___ Records for the exercise

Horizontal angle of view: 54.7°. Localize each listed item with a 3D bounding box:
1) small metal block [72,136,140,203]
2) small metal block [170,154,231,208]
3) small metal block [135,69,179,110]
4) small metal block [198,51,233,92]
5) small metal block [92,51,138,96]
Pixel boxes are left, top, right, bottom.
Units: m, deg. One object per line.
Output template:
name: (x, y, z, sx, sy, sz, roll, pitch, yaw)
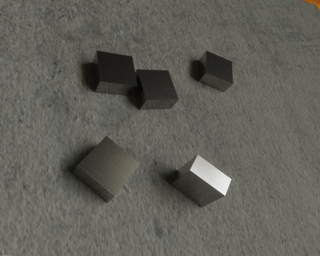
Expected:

______

— What is expected —
Give back each line above verbatim, dropping every picture.

— Solution for this exercise —
Horizontal angle of view: 54.7°. Localize each listed item with a 3D bounding box:
1) small metal block [72,136,140,203]
2) small metal block [170,154,231,208]
3) small metal block [135,69,179,110]
4) small metal block [198,51,233,92]
5) small metal block [92,51,138,96]
Pixel boxes are left, top, right, bottom.
Units: m, deg. One object per line.
Output template:
name: (x, y, z, sx, sy, sz, roll, pitch, yaw)
Expected:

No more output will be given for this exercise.